Don’t let Gene Simmons hear about this!

Challenger 2 is being switched to a smoothbore gun for better compatibility with the Abrams and Leopard/2 (and because the British production lines for rifled rounds were shut down years ago). The Leclerc has always had a smoothbore gun.

Actually from what I gather, the thing is that the spin from a rifled barrel messes up the accuracy of discarding sabot rounds versus fin-stabilized ones.

Since most small arms want to make a wide hole versus a deep one (more or less; penetration is still important), having a discarding sabot round doesn’t make sense, and regular old rifled barrels and full-diameter rounds are best.

Mortars are typically smoothbore and fin-stabilized, so it is used for some artillery.

Pistols, yes, but military rifles are all about making small holes.

It is my understanding as well that there is a limit to the muzzle velocity that can be attained by a rifled barrel before the rounds will strip the rifling.

APFSDS: Armor Piercing, Fin-Stabilized, Discarding Sabot.
Old artillery guy here. Had to look that one up.

I’m speculating here, but wouldn’t a spinning sabot screw up the projectile’s trajectory when it came time to seperate from the projectile?

I was also under the impression that anti-tank shaped-charge rounds do not do as well when spinning.

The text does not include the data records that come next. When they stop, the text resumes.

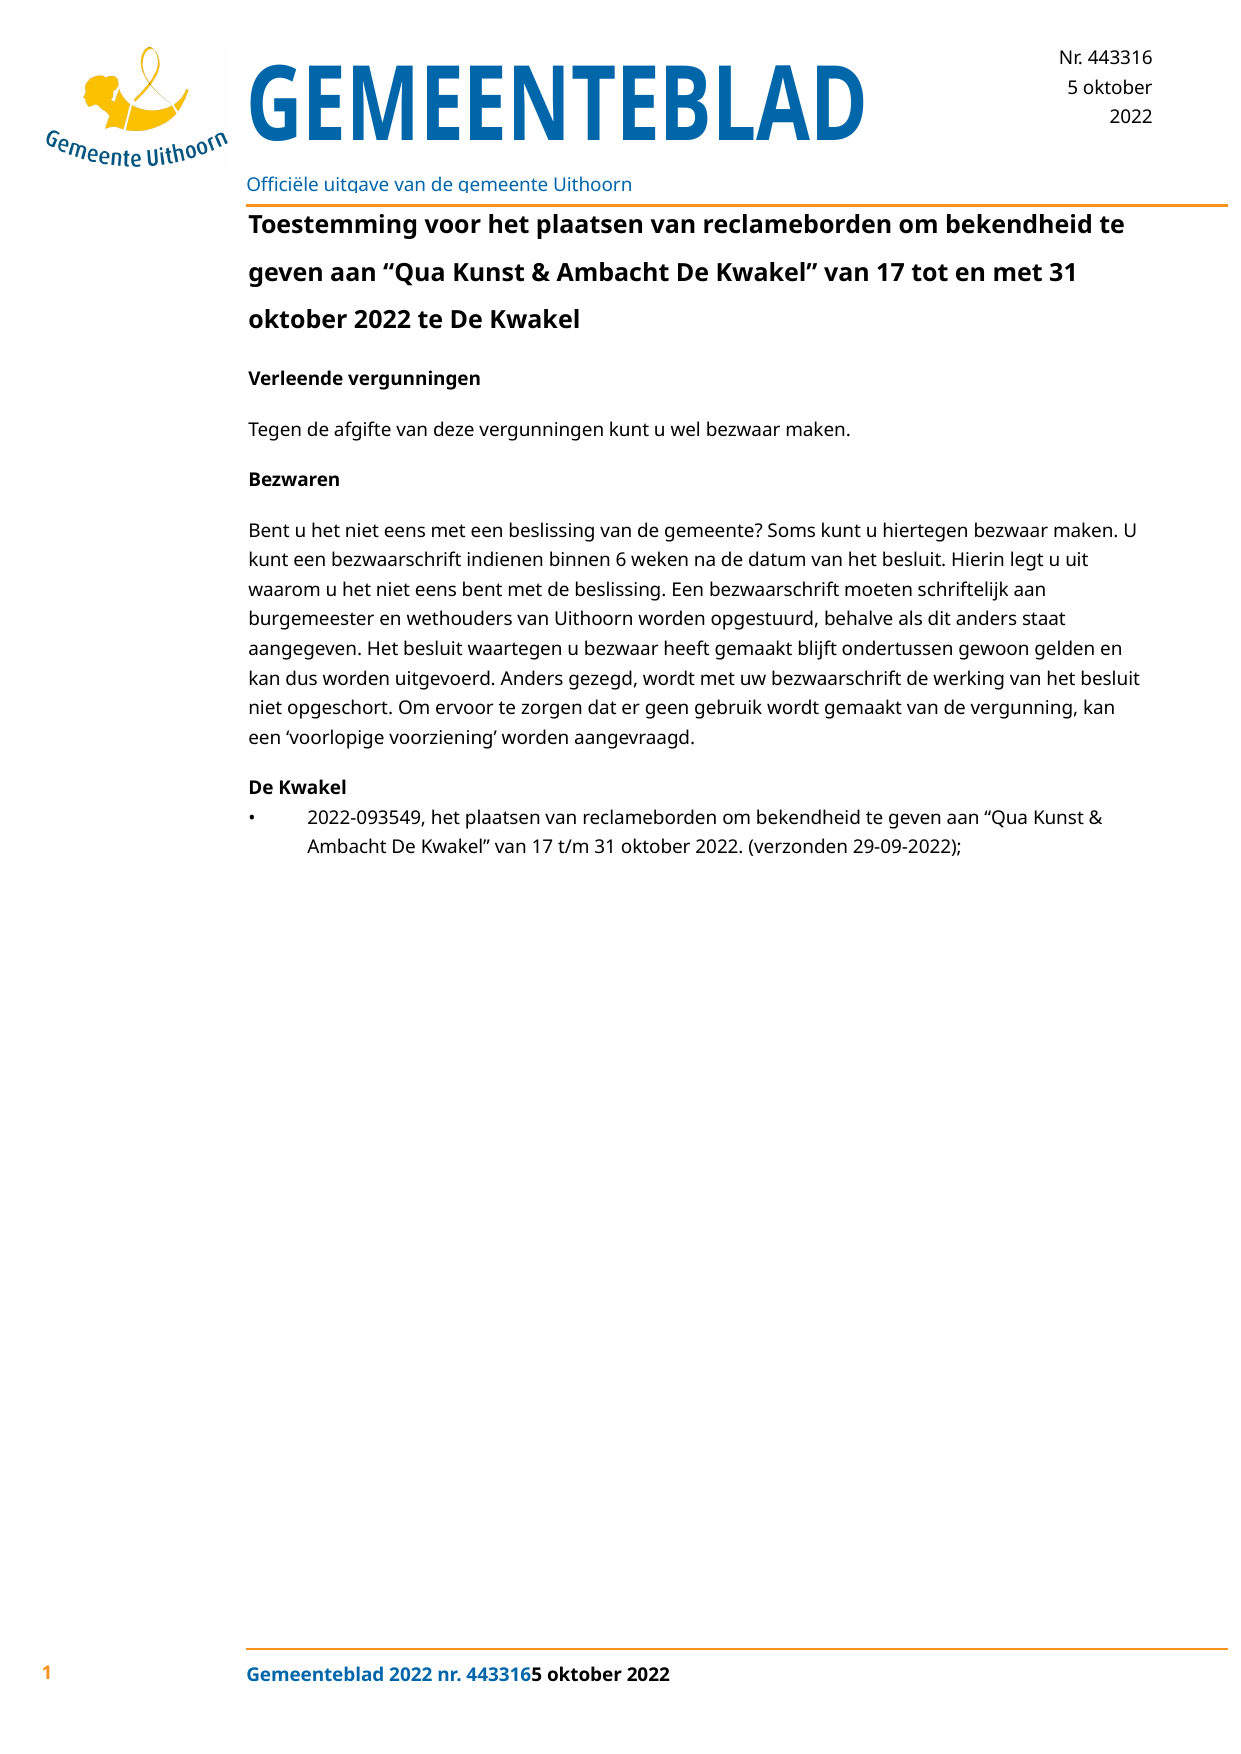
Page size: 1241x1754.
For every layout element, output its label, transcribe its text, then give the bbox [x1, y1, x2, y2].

text Tegen de afgifte van deze vergunningen kunt u wel bezwaar maken. [248, 416, 1152, 442]
list 2022-093549, het plaatsen van reclameborden om bekendheid te geven aan “Qua Kunst & Ambacht De Kwakel” van 17 t/m 31 oktober 2022. (verzonden 29-09-2022); [248, 804, 1152, 859]
text De Kwakel [248, 774, 1152, 800]
text Bezwaren [248, 466, 1152, 492]
text Verleende vergunningen [248, 366, 1152, 391]
text Bent u het niet eens met een beslissing van de gemeente? Soms kunt u hiertegen bezwaar maken. U kunt een bezwaarschrift indienen binnen 6 weken na de datum van het besluit. Hierin legt u uit waarom u het niet eens bent met de beslissing. Een bezwaarschrift moeten schriftelijk aan burgemeester en wethouders van Uithoorn worden opgestuurd, behalve als dit anders staat aangegeven. Het besluit waartegen u bezwaar heeft gemaakt blijft ondertussen gewoon gelden en kan dus worden uitgevoerd. Anders gezegd, wordt met uw bezwaarschrift de werking van het besluit niet opgeschort. Om ervoor te zorgen dat er geen gebruik wordt gemaakt van de vergunning, kan een ‘voorlopige voorziening’ worden aangevraagd. [248, 517, 1152, 749]
picture [41, 47, 231, 172]
text Toestemming voor het plaatsen van reclameborden om bekendheid te geven aan “Qua Kunst & Ambacht De Kwakel” van 17 tot en met 31 oktober 2022 te De Kwakel [248, 207, 1152, 336]
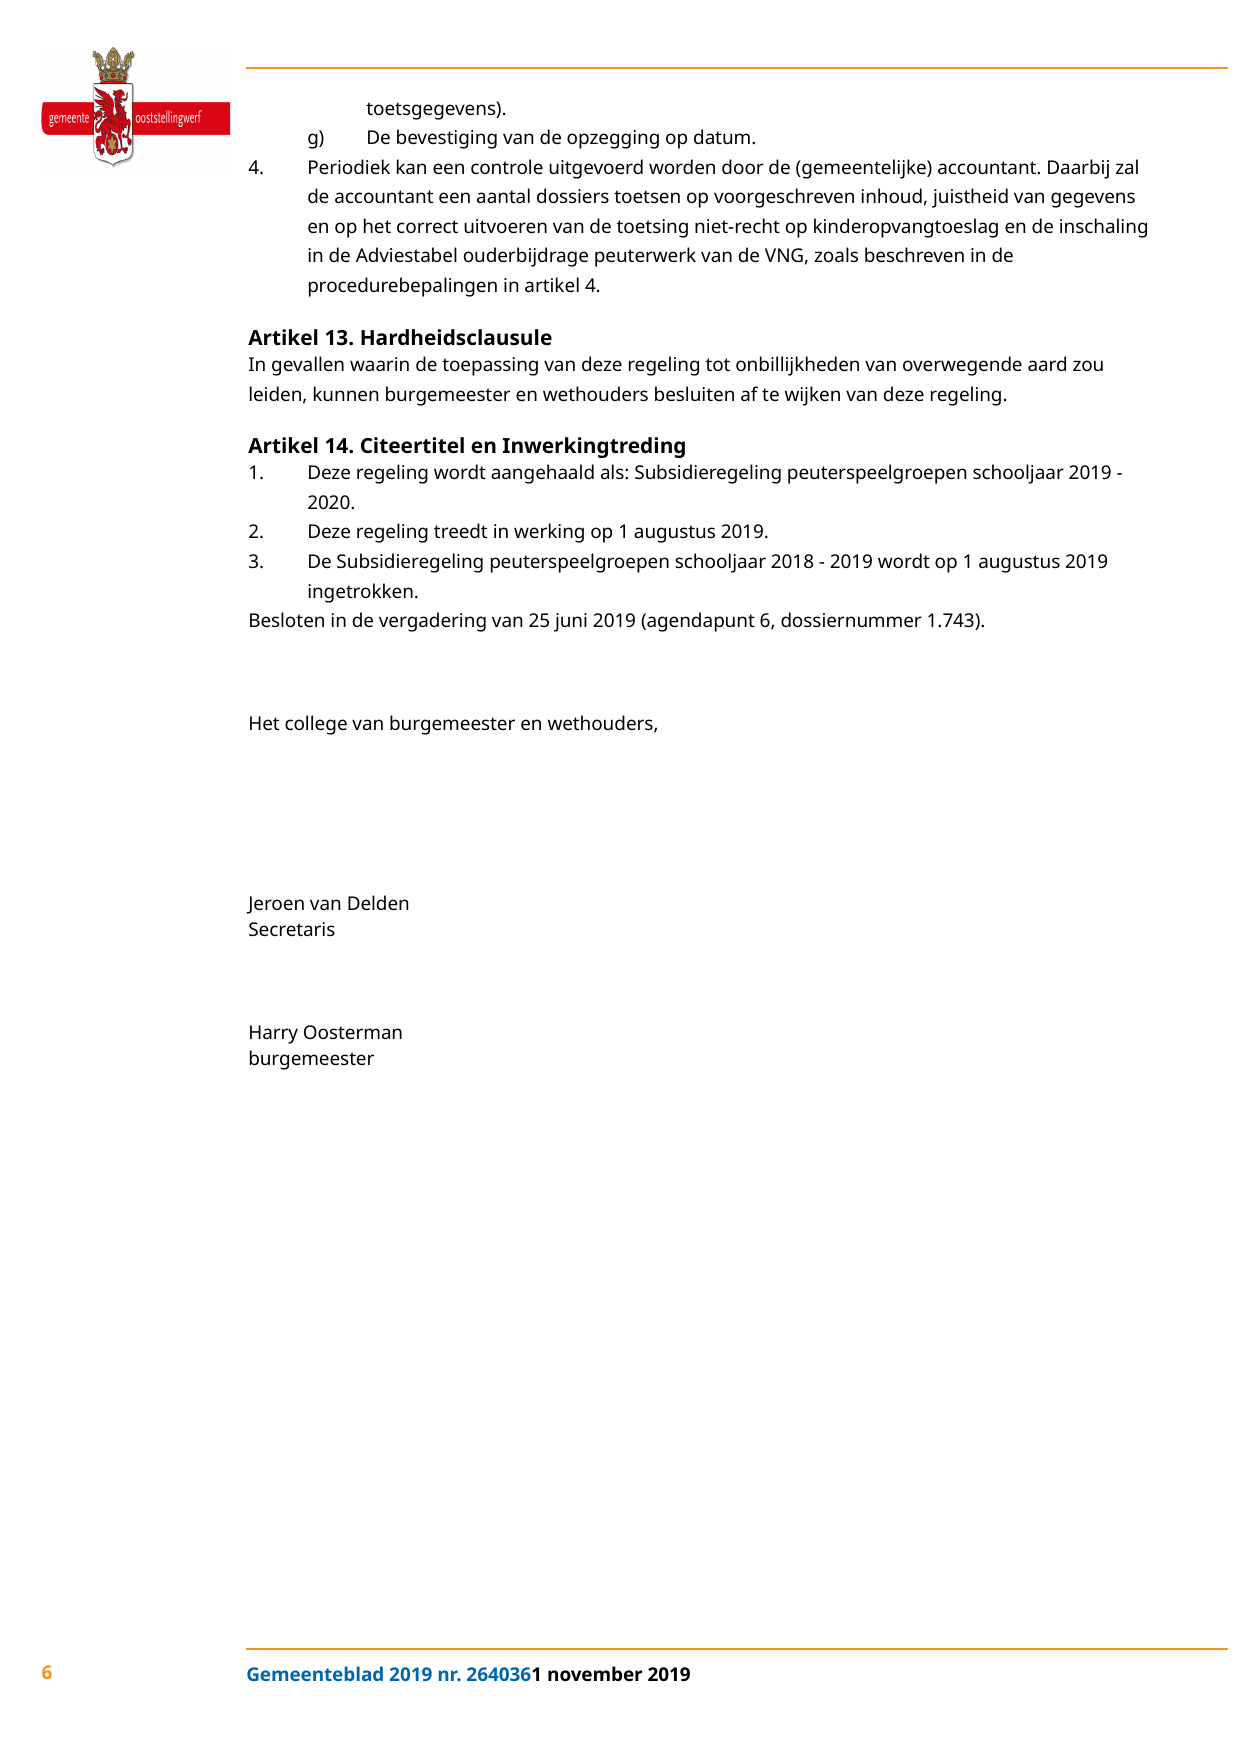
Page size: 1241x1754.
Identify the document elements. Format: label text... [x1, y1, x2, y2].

picture [41, 47, 231, 172]
text In gevallen waarin de toepassing van deze regeling tot onbillijkheden van overwegende aard zou leiden, kunnen burgemeester en wethouders besluiten af te wijken van deze regeling. [248, 351, 1152, 406]
text burgemeester [248, 1045, 1152, 1071]
text Jeroen van Delden [248, 891, 1152, 916]
text Het college van burgemeester en wethouders, [248, 710, 1152, 736]
list toetsgegevens). [307, 95, 1152, 121]
list De bevestiging van de opzegging op datum. [307, 124, 1152, 150]
text Artikel 13. Hardheidsclausule [248, 323, 1152, 351]
text Harry Oosterman [248, 1019, 1152, 1045]
list Periodiek kan een controle uitgevoerd worden door de (gemeentelijke) accountant. Daarbij zal de accountant een aantal dossiers toetsen op voorgeschreven inhoud, juistheid van gegevens en op het correct uitvoeren van de toetsing niet-recht op kinderopvangtoeslag en de inschaling in de Adviestabel ouderbijdrage peuterwerk van de VNG, zoals beschreven in de procedurebepalingen in artikel 4. [248, 154, 1152, 298]
text Besloten in de vergadering van 25 juni 2019 (agendapunt 6, dossiernummer 1.743). [248, 607, 1152, 633]
list Deze regeling wordt aangehaald als: Subsidieregeling peuterspeelgroepen schooljaar 2019 - 2020. [248, 459, 1152, 515]
list Deze regeling treedt in werking op 1 augustus 2019. [248, 519, 1152, 544]
text Secretaris [248, 916, 1152, 942]
text Artikel 14. Citeertitel en Inwerkingtreding [248, 431, 1152, 459]
list De Subsidieregeling peuterspeelgroepen schooljaar 2018 - 2019 wordt op 1 augustus 2019 ingetrokken. [248, 548, 1152, 604]
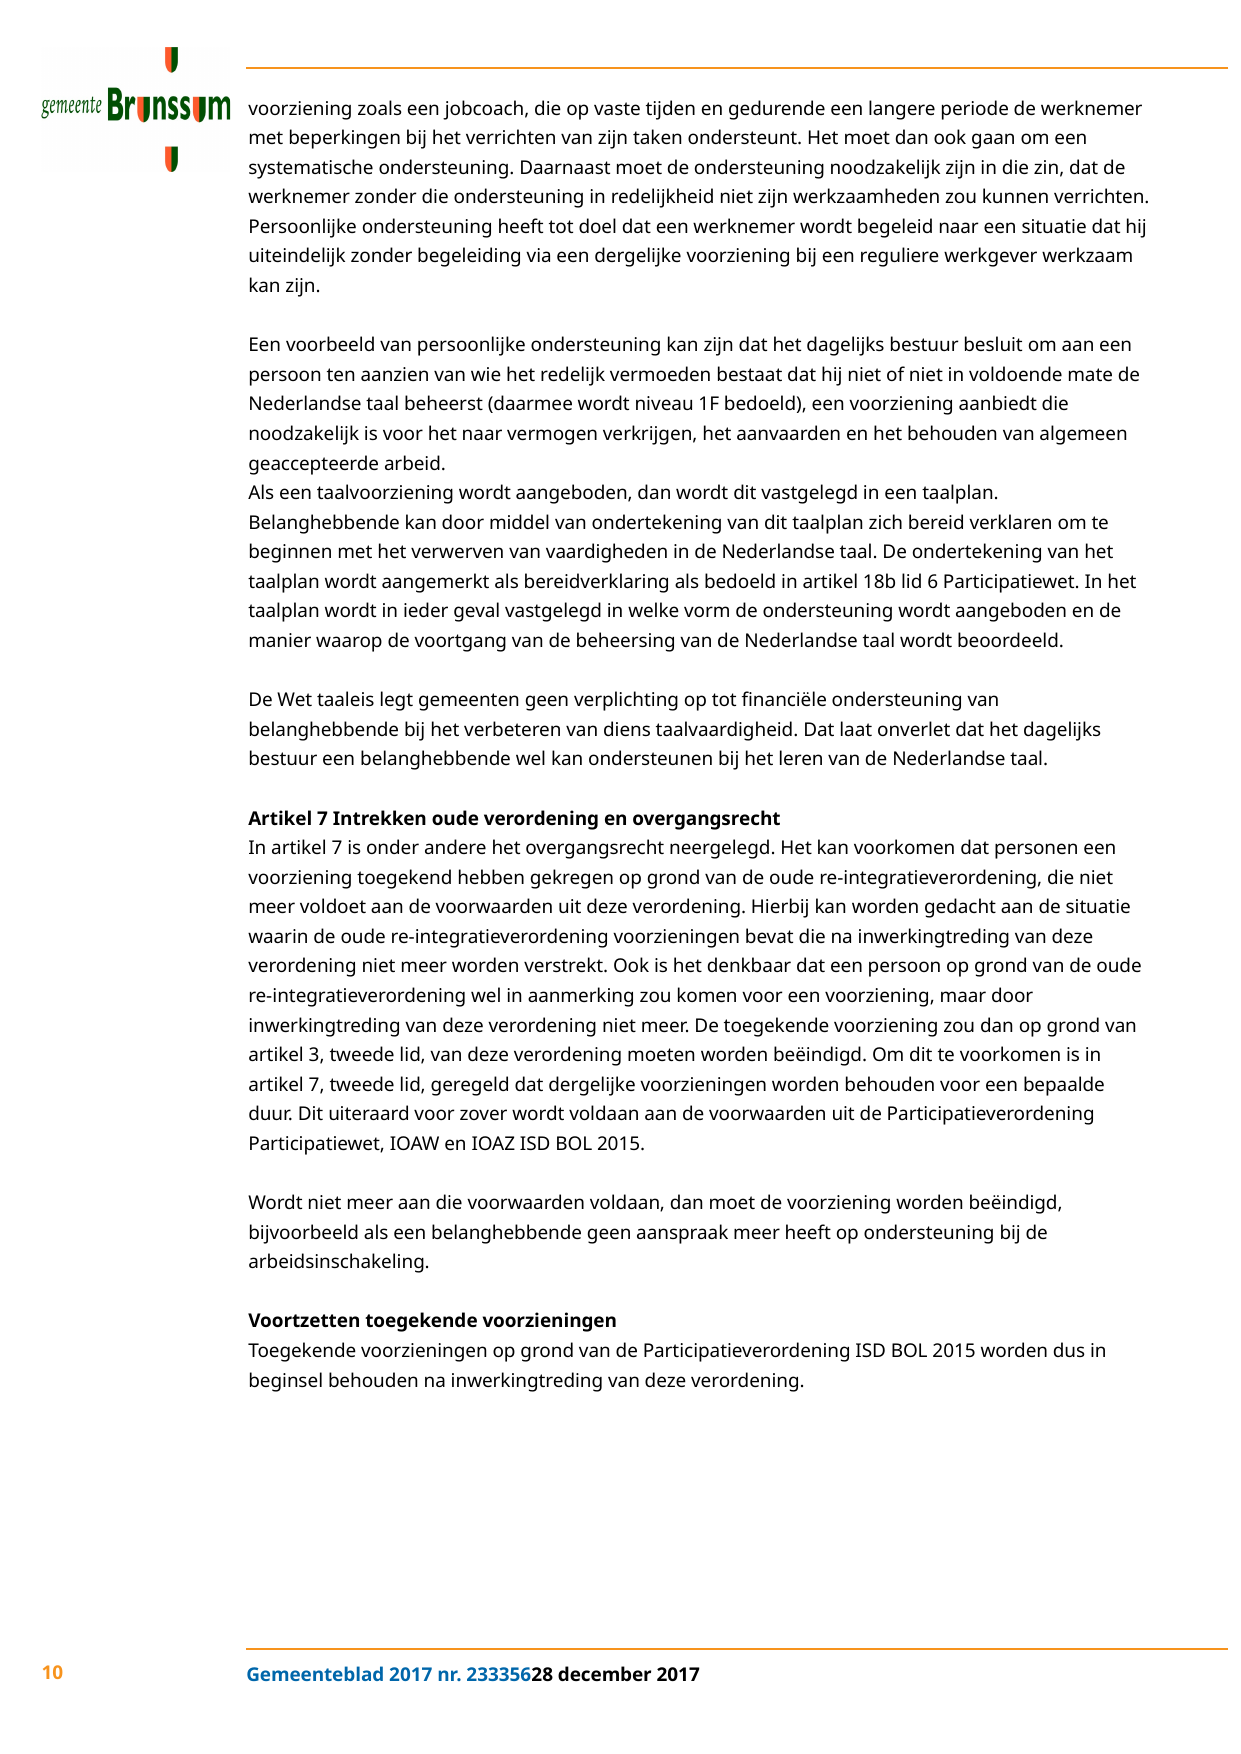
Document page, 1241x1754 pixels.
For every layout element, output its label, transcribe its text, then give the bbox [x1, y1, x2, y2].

text Een voorbeeld van persoonlijke ondersteuning kan zijn dat het dagelijks bestuur besluit om aan een persoon ten aanzien van wie het redelijk vermoeden bestaat dat hij niet of niet in voldoende mate de Nederlandse taal beheerst (daarmee wordt niveau 1F bedoeld), een voorziening aanbiedt die noodzakelijk is voor het naar vermogen verkrijgen, het aanvaarden en het behouden van algemeen geaccepteerde arbeid. [248, 331, 1152, 476]
text Voortzetten toegekende voorzieningen [248, 1308, 1152, 1333]
text Wordt niet meer aan die voorwaarden voldaan, dan moet de voorziening worden beëindigd, bijvoorbeeld als een belanghebbende geen aanspraak meer heeft op ondersteuning bij de arbeidsinschakeling. [248, 1189, 1152, 1274]
text voorziening zoals een jobcoach, die op vaste tijden en gedurende een langere periode de werknemer met beperkingen bij het verrichten van zijn taken ondersteunt. Het moet dan ook gaan om een systematische ondersteuning. Daarnaast moet de ondersteuning noodzakelijk zijn in die zin, dat de werknemer zonder die ondersteuning in redelijkheid niet zijn werkzaamheden zou kunnen verrichten. Persoonlijke ondersteuning heeft tot doel dat een werknemer wordt begeleid naar een situatie dat hij uiteindelijk zonder begeleiding via een dergelijke voorziening bij een reguliere werkgever werkzaam kan zijn. [248, 95, 1152, 298]
text In artikel 7 is onder andere het overgangsrecht neergelegd. Het kan voorkomen dat personen een voorziening toegekend hebben gekregen op grond van de oude re-integratieverordening, die niet meer voldoet aan de voorwaarden uit deze verordening. Hierbij kan worden gedacht aan de situatie waarin de oude re-integratieverordening voorzieningen bevat die na inwerkingtreding van deze verordening niet meer worden verstrekt. Ook is het denkbaar dat een persoon op grond van de oude re-integratieverordening wel in aanmerking zou komen voor een voorziening, maar door inwerkingtreding van deze verordening niet meer. De toegekende voorziening zou dan op grond van artikel 3, tweede lid, van deze verordening moeten worden beëindigd. Om dit te voorkomen is in artikel 7, tweede lid, geregeld dat dergelijke voorzieningen worden behouden voor een bepaalde duur. Dit uiteraard voor zover wordt voldaan aan de voorwaarden uit de Participatieverordening Participatiewet, IOAW en IOAZ ISD BOL 2015. [248, 834, 1152, 1156]
text De Wet taaleis legt gemeenten geen verplichting op tot financiële ondersteuning van belanghebbende bij het verbeteren van diens taalvaardigheid. Dat laat onverlet dat het dagelijks bestuur een belanghebbende wel kan ondersteunen bij het leren van de Nederlandse taal. [248, 686, 1152, 771]
text Als een taalvoorziening wordt aangeboden, dan wordt dit vastgelegd in een taalplan. Belanghebbende kan door middel van ondertekening van dit taalplan zich bereid verklaren om te beginnen met het verwerven van vaardigheden in de Nederlandse taal. De ondertekening van het taalplan wordt aangemerkt als bereidverklaring als bedoeld in artikel 18b lid 6 Participatiewet. In het taalplan wordt in ieder geval vastgelegd in welke vorm de ondersteuning wordt aangeboden en de manier waarop de voortgang van de beheersing van de Nederlandse taal wordt beoordeeld. [248, 479, 1152, 653]
picture [41, 47, 231, 172]
text Artikel 7 Intrekken oude verordening en overgangsrecht [248, 805, 1152, 831]
text Toegekende voorzieningen op grond van de Participatieverordening ISD BOL 2015 worden dus in beginsel behouden na inwerkingtreding van deze verordening. [248, 1337, 1152, 1393]

They want everything in a tight circle.

If your projectile has fins to keep it oriented correctly, then you don’t need to spin it. The whole point of spinning a bullet is to prevent it from tumbling once it leaves the barrel; tailfins accomplish the same task, and so there’s no point to adding spin-inducing rifling to the barrel.

Seems to work ok for sabot shotgun slugs.

Would a bullet with a very heavy tip and a very light mid and rear section also be prevented from tumbling once it leaves the barrel?

I prefer to pronounce it as a word but people look at me weird.

You’ve just described the Foster slug.

Point taken bout the Le Clerc. The leopard had basically the same gun as the Abrams. The trouble with smooth bores is they don’t work that well with heavy full-caliber slugs at long range.

That is true. High Explosive Anti-Tank (HEAT) rounds are far less efficient if spinning as it disrupts the high-velocity jet.